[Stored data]
· · ·

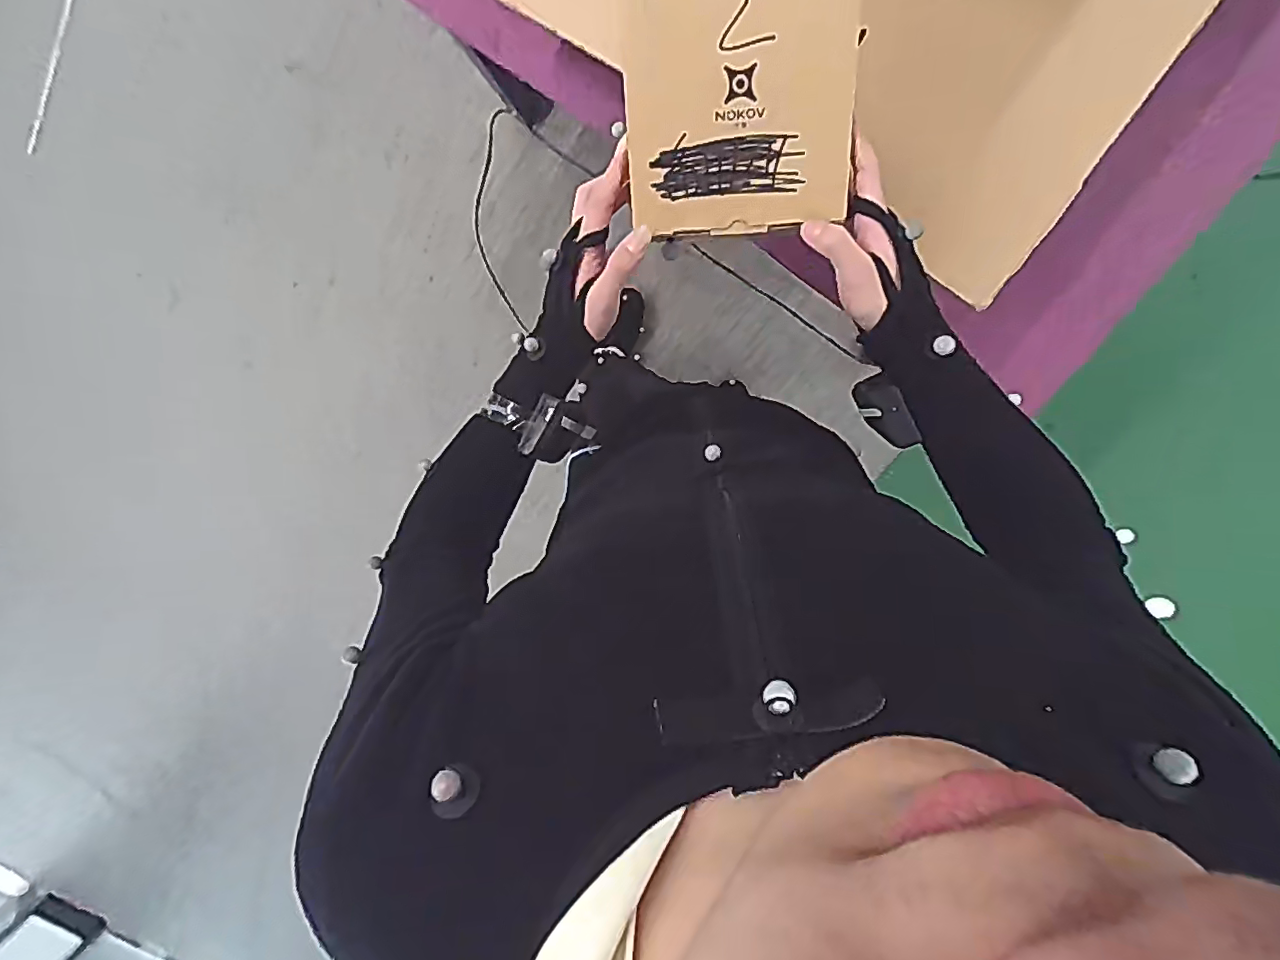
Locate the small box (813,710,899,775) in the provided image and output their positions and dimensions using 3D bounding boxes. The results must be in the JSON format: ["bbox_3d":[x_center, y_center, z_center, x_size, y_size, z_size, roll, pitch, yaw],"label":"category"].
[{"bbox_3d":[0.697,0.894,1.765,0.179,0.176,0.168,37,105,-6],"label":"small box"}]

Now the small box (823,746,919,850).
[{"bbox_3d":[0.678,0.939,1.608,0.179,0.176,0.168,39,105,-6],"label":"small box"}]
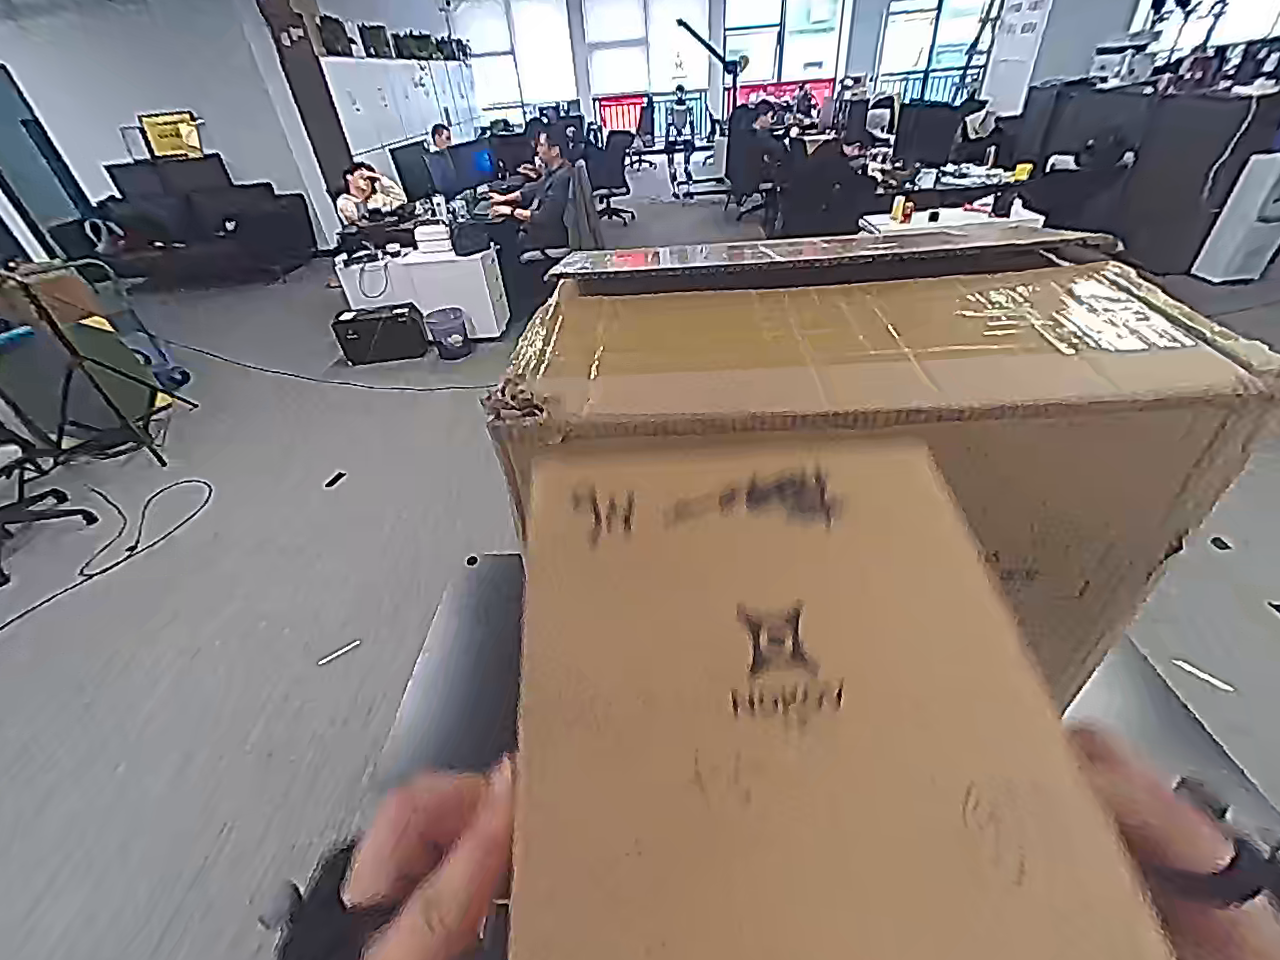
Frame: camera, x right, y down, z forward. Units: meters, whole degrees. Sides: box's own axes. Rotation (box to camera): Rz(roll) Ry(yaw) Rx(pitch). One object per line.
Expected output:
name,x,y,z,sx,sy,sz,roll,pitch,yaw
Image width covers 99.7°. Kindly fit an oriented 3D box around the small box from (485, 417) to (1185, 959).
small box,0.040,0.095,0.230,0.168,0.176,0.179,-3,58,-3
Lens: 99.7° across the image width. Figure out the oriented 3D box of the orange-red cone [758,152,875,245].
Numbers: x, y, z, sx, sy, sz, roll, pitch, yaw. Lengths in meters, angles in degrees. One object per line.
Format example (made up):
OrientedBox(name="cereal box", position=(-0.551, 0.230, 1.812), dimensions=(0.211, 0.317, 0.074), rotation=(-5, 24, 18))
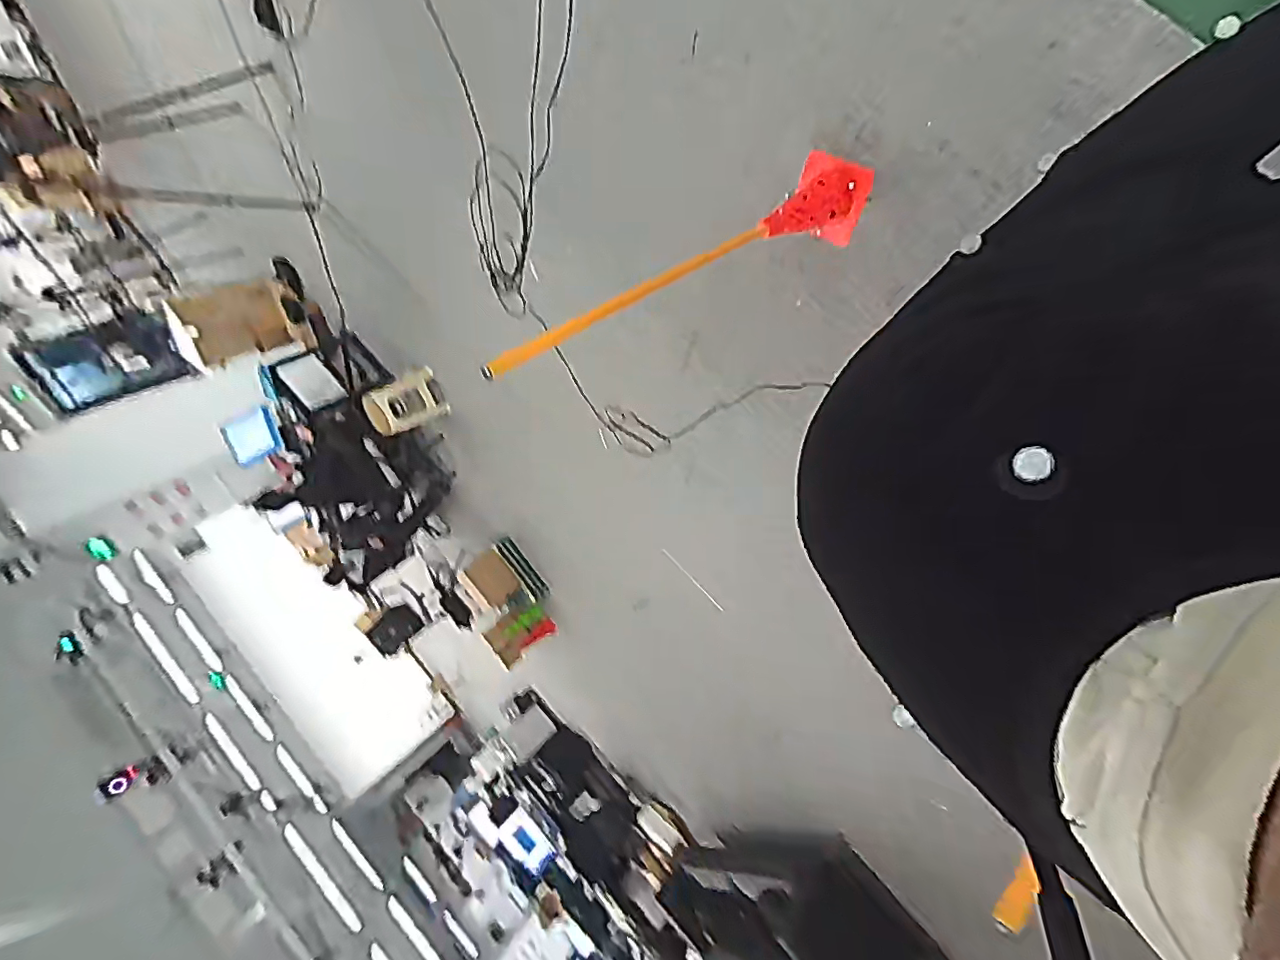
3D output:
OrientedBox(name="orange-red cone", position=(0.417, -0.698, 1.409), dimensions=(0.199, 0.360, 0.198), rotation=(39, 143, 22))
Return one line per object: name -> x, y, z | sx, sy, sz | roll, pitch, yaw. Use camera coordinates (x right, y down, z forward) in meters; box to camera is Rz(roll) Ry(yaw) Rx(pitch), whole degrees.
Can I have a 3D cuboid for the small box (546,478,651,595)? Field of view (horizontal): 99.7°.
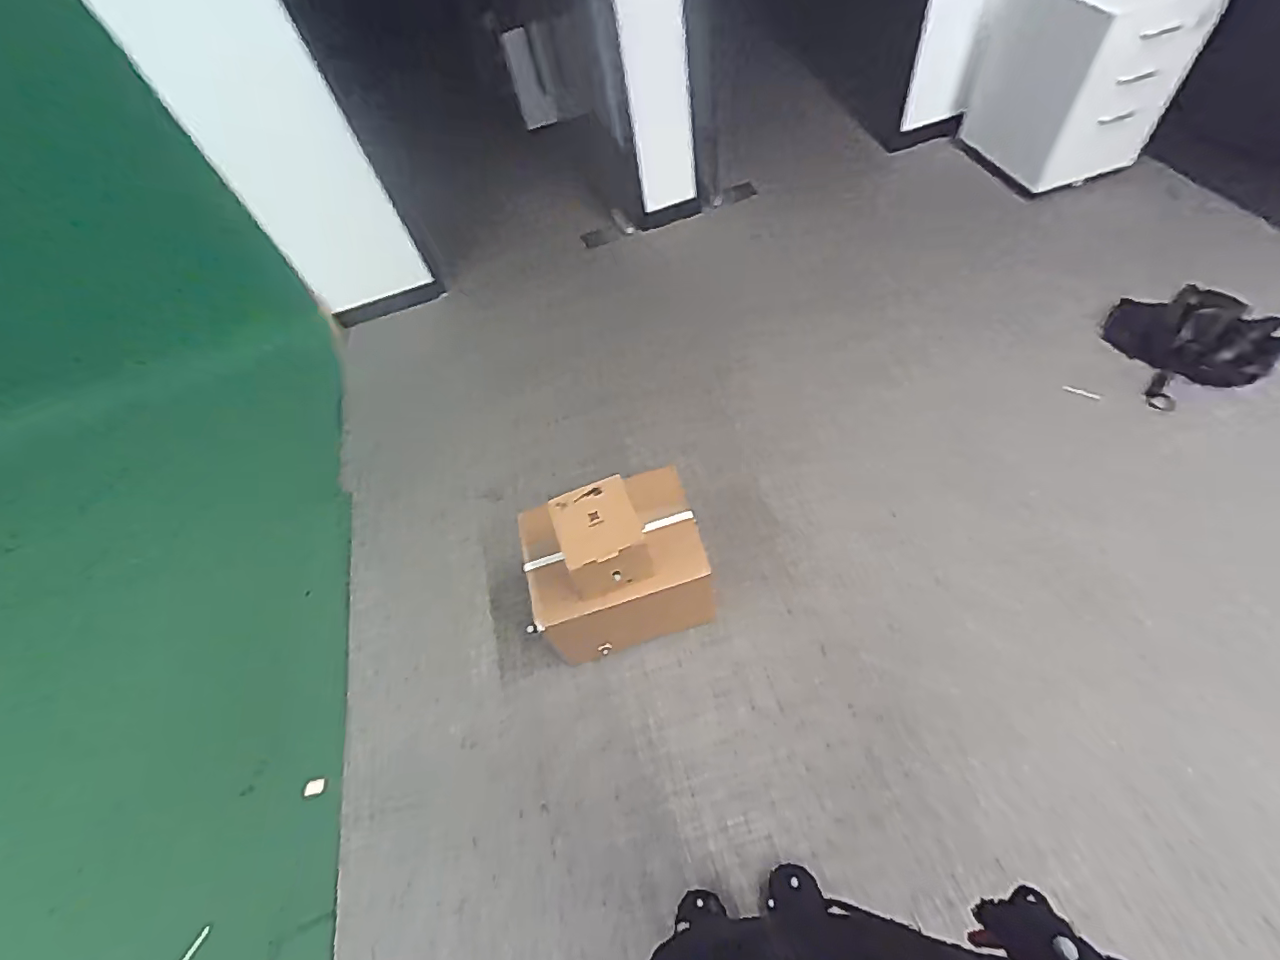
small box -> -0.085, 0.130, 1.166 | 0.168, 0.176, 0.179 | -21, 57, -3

· · ·

PROBLEM — Your answer must be an exact transcription of the records above, minus the pictures.

EXPECTED ANSWER —
Locate the small box (813,710,899,775) in the provided image and output their positions and dimensions using 3D bounding boxes. The results must be in the JSON format: ["bbox_3d":[x_center, y_center, z_center, x_size, y_size, z_size, roll, pitch, yaw],"label":"category"].
[{"bbox_3d":[0.697,0.894,1.765,0.179,0.176,0.168,37,105,-6],"label":"small box"}]

Now the small box (823,746,919,850).
[{"bbox_3d":[0.678,0.939,1.608,0.179,0.176,0.168,39,105,-6],"label":"small box"}]
Frame: camera, x right, y down, z forward. Units: meters, whole degrees. Sides: box's own axes. Rotation (box to camera): Rz(roll) Ry(yaw) Rx(pitch). One object per line.
Expected output:
name,x,y,z,sx,sy,sz,roll,pitch,yaw
Image width covers 99.7°. Kindly fit an oriented 3D box around the small box from (485, 417) to (1185, 959).
small box,0.040,0.095,0.230,0.168,0.176,0.179,-3,58,-3
Lens: 99.7° across the image width. Figure out the oriented 3D box of the orange-red cone [758,152,875,245].
Numbers: x, y, z, sx, sy, sz, roll, pitch, yaw. Lengths in meters, angles in degrees. One object per line.
Format example (made up):
OrientedBox(name="cereal box", position=(-0.551, 0.230, 1.812), dimensions=(0.211, 0.317, 0.074), rotation=(-5, 24, 18))
3D output:
OrientedBox(name="orange-red cone", position=(0.417, -0.698, 1.409), dimensions=(0.199, 0.360, 0.198), rotation=(39, 143, 22))
Return one line per object: name -> x, y, z | sx, sy, sz | roll, pitch, yaw. Use camera coordinates (x right, y down, z forward) in meters; box to camera is Rz(roll) Ry(yaw) Rx(pitch), whole degrees.
Can I have a 3D cuboid for the small box (546,478,651,595)? Field of view (horizontal): 99.7°.
small box -> -0.085, 0.130, 1.166 | 0.168, 0.176, 0.179 | -21, 57, -3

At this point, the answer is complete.